Problem description:
Set down exactly the lines from the first line of the records through the line that contains "final def putStr(line: String): UIO[Unit]", and leave every picture out.

##########

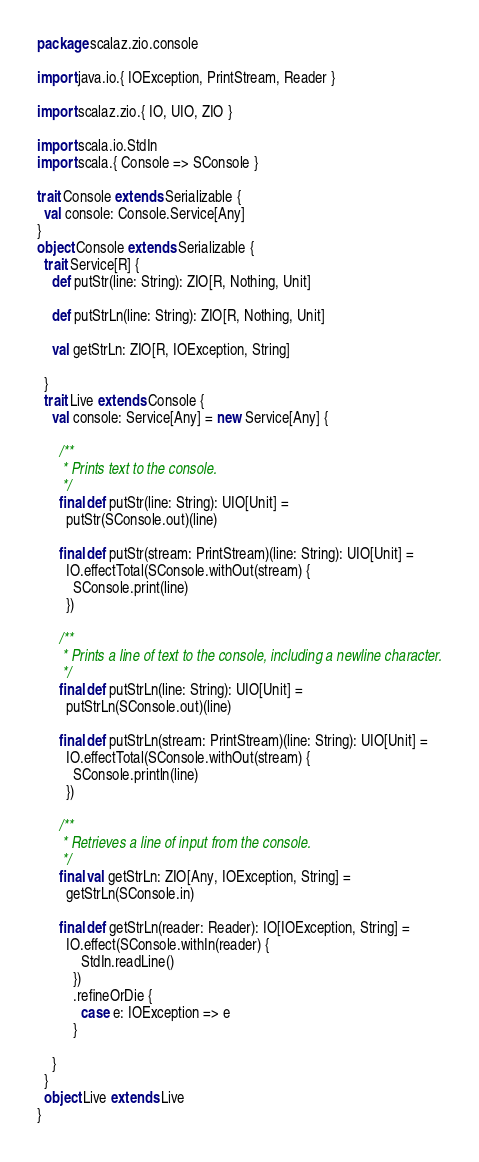Convert code to text. <code><loc_0><loc_0><loc_500><loc_500><_Scala_>package scalaz.zio.console

import java.io.{ IOException, PrintStream, Reader }

import scalaz.zio.{ IO, UIO, ZIO }

import scala.io.StdIn
import scala.{ Console => SConsole }

trait Console extends Serializable {
  val console: Console.Service[Any]
}
object Console extends Serializable {
  trait Service[R] {
    def putStr(line: String): ZIO[R, Nothing, Unit]

    def putStrLn(line: String): ZIO[R, Nothing, Unit]

    val getStrLn: ZIO[R, IOException, String]

  }
  trait Live extends Console {
    val console: Service[Any] = new Service[Any] {

      /**
       * Prints text to the console.
       */
      final def putStr(line: String): UIO[Unit] =
        putStr(SConsole.out)(line)

      final def putStr(stream: PrintStream)(line: String): UIO[Unit] =
        IO.effectTotal(SConsole.withOut(stream) {
          SConsole.print(line)
        })

      /**
       * Prints a line of text to the console, including a newline character.
       */
      final def putStrLn(line: String): UIO[Unit] =
        putStrLn(SConsole.out)(line)

      final def putStrLn(stream: PrintStream)(line: String): UIO[Unit] =
        IO.effectTotal(SConsole.withOut(stream) {
          SConsole.println(line)
        })

      /**
       * Retrieves a line of input from the console.
       */
      final val getStrLn: ZIO[Any, IOException, String] =
        getStrLn(SConsole.in)

      final def getStrLn(reader: Reader): IO[IOException, String] =
        IO.effect(SConsole.withIn(reader) {
            StdIn.readLine()
          })
          .refineOrDie {
            case e: IOException => e
          }

    }
  }
  object Live extends Live
}
</code> 
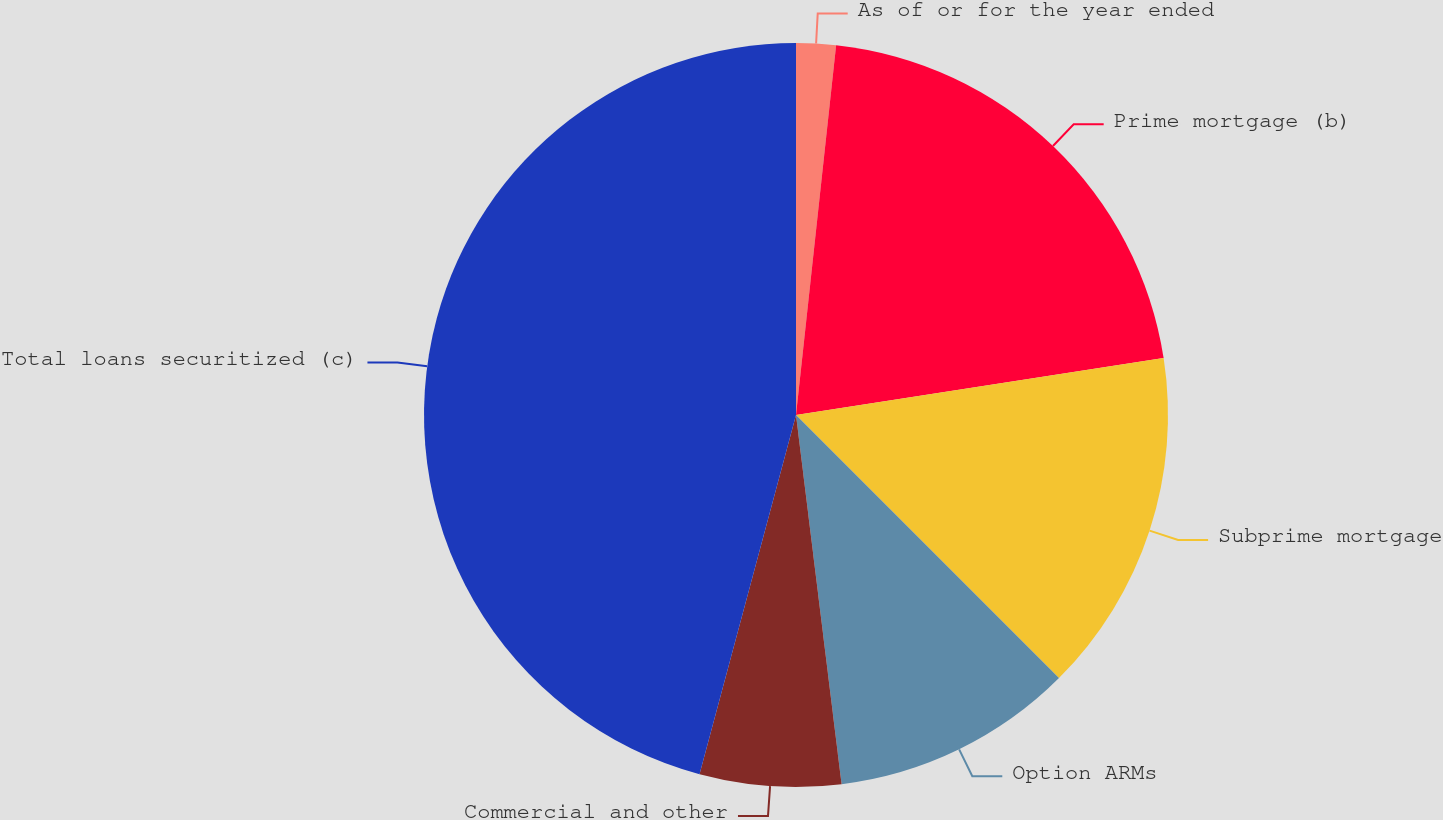Convert chart. <chart><loc_0><loc_0><loc_500><loc_500><pie_chart><fcel>As of or for the year ended<fcel>Prime mortgage (b)<fcel>Subprime mortgage<fcel>Option ARMs<fcel>Commercial and other<fcel>Total loans securitized (c)<nl><fcel>1.72%<fcel>20.83%<fcel>14.95%<fcel>10.54%<fcel>6.13%<fcel>45.82%<nl></chart> 
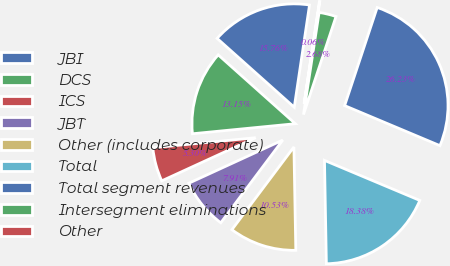Convert chart to OTSL. <chart><loc_0><loc_0><loc_500><loc_500><pie_chart><fcel>JBI<fcel>DCS<fcel>ICS<fcel>JBT<fcel>Other (includes corporate)<fcel>Total<fcel>Total segment revenues<fcel>Intersegment eliminations<fcel>Other<nl><fcel>15.76%<fcel>13.15%<fcel>5.3%<fcel>7.91%<fcel>10.53%<fcel>18.38%<fcel>26.23%<fcel>2.68%<fcel>0.06%<nl></chart> 
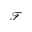Convert formula to latex. <formula><loc_0><loc_0><loc_500><loc_500>\mathcal { F }</formula> 
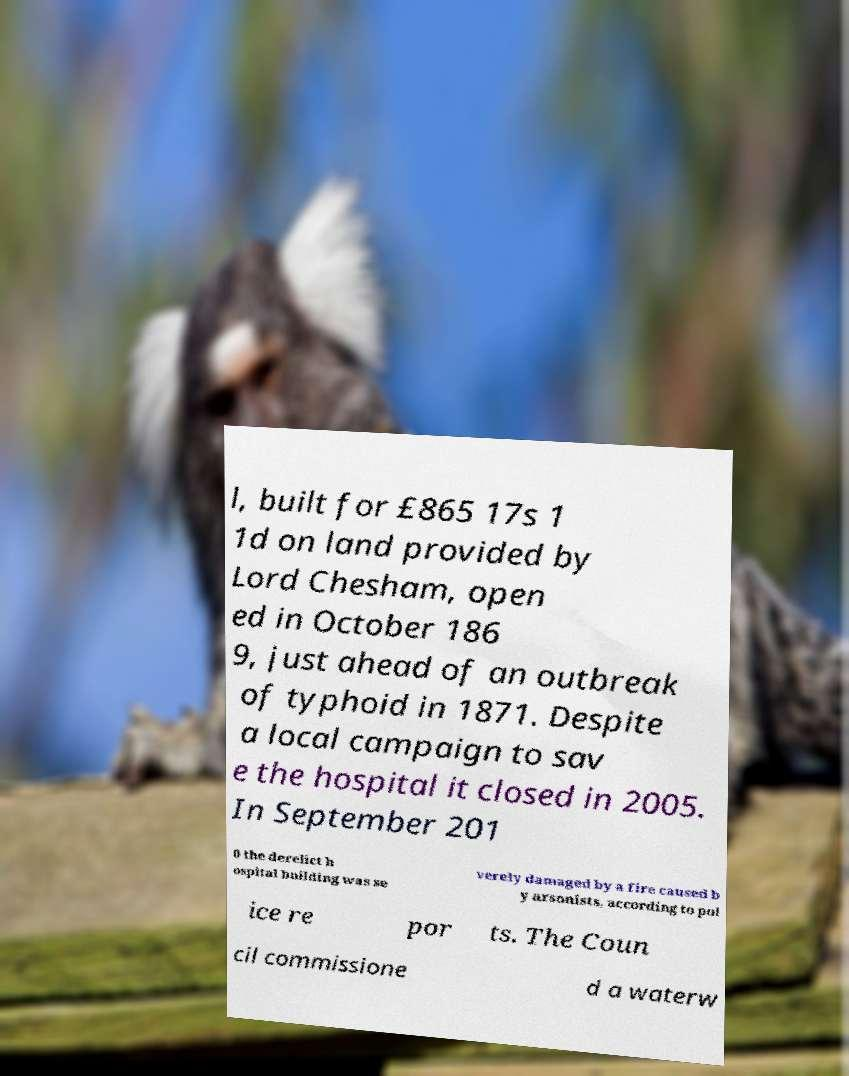Could you assist in decoding the text presented in this image and type it out clearly? l, built for £865 17s 1 1d on land provided by Lord Chesham, open ed in October 186 9, just ahead of an outbreak of typhoid in 1871. Despite a local campaign to sav e the hospital it closed in 2005. In September 201 0 the derelict h ospital building was se verely damaged by a fire caused b y arsonists, according to pol ice re por ts. The Coun cil commissione d a waterw 
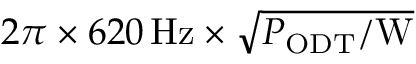Convert formula to latex. <formula><loc_0><loc_0><loc_500><loc_500>2 \pi \times 6 2 0 \, H z \times \sqrt { P _ { O D T } / W }</formula> 
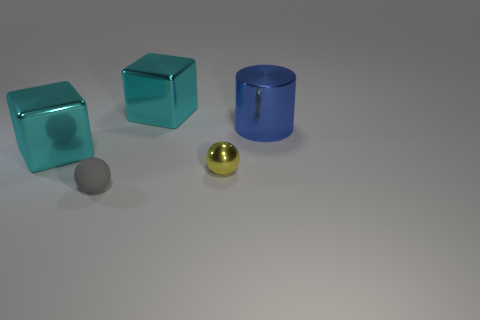Add 2 cylinders. How many objects exist? 7 Subtract all spheres. How many objects are left? 3 Subtract 0 cyan cylinders. How many objects are left? 5 Subtract all tiny cyan rubber cylinders. Subtract all big shiny cubes. How many objects are left? 3 Add 2 big objects. How many big objects are left? 5 Add 5 cylinders. How many cylinders exist? 6

##########

Your solution:
Convert code to text. <code><loc_0><loc_0><loc_500><loc_500><_Scala_>package scalaz.zio.console

import java.io.{ IOException, PrintStream, Reader }

import scalaz.zio.{ IO, UIO, ZIO }

import scala.io.StdIn
import scala.{ Console => SConsole }

trait Console extends Serializable {
  val console: Console.Service[Any]
}
object Console extends Serializable {
  trait Service[R] {
    def putStr(line: String): ZIO[R, Nothing, Unit]

    def putStrLn(line: String): ZIO[R, Nothing, Unit]

    val getStrLn: ZIO[R, IOException, String]

  }
  trait Live extends Console {
    val console: Service[Any] = new Service[Any] {

      /**
       * Prints text to the console.
       */
      final def putStr(line: String): UIO[Unit] =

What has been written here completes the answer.